In the winter-semester 2017/2018, the Innovation Lab Big Data Science was again held by the Department of Statistics. In this year, we worked on several interesting data-science projects with a focus on the interpretability of machine learning models.

Automatic statistician for exploratory data analysis

In this project, the student team developed an R package AEDA that automatically analyzes data, streamlining manual steps of exploratory data analysis. A wide range of common tasks of data scientists is automated with this package: Basic data summaries, correlation analysis, cluster analysis, principal component analysis and more. All results are automatically compiled to a report.

aeda

Explaining machine learning predictions with game theory

In this project, the students developed an R package ShapleyR that implements Shapley values for explaining machine learning predictions. Shapley values are a method from game theory, which can also be used to understand the decision making of machine learning models better.
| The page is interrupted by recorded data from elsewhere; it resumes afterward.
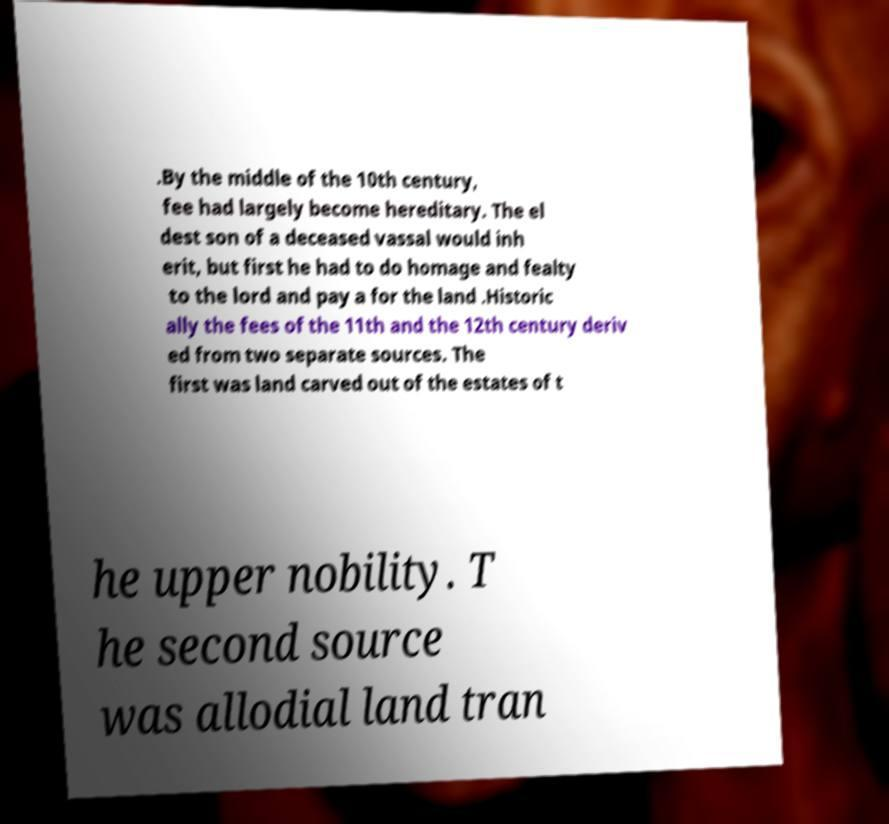I need the written content from this picture converted into text. Can you do that? .By the middle of the 10th century, fee had largely become hereditary. The el dest son of a deceased vassal would inh erit, but first he had to do homage and fealty to the lord and pay a for the land .Historic ally the fees of the 11th and the 12th century deriv ed from two separate sources. The first was land carved out of the estates of t he upper nobility. T he second source was allodial land tran 
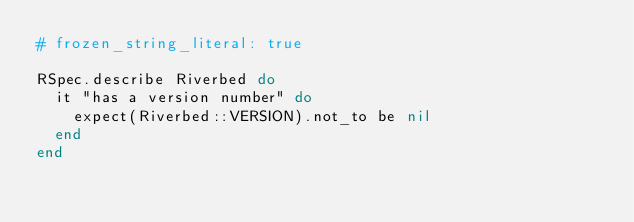Convert code to text. <code><loc_0><loc_0><loc_500><loc_500><_Ruby_># frozen_string_literal: true

RSpec.describe Riverbed do
  it "has a version number" do
    expect(Riverbed::VERSION).not_to be nil
  end
end
</code> 
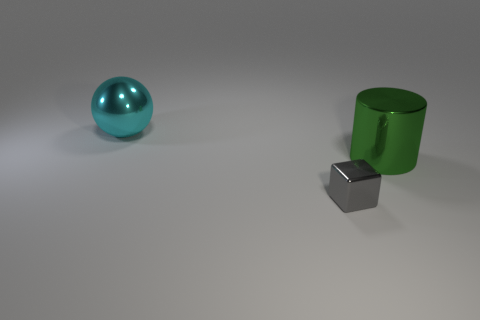Add 1 big rubber cylinders. How many objects exist? 4 Subtract all cylinders. How many objects are left? 2 Subtract all cylinders. Subtract all tiny green objects. How many objects are left? 2 Add 3 large green cylinders. How many large green cylinders are left? 4 Add 2 big cyan metallic things. How many big cyan metallic things exist? 3 Subtract 0 yellow spheres. How many objects are left? 3

Interactive plots and tables for benchmarking results

The students developed an R package ‘benchmarkViz’ for comparing the results of benchmark studies. The project involved proposing a standard format in which arbitrary benchmark results, be it run time of algorithms or the performance of machine learning models, can be encoded and easily visualized.

benchmarkviz

Interactive plots for interpretation of global and local effects

The students implemented a dashboard for explaining machine learning models. The dashboard allows users to upload a model and automatically visualize it with different types of plots.

imlplots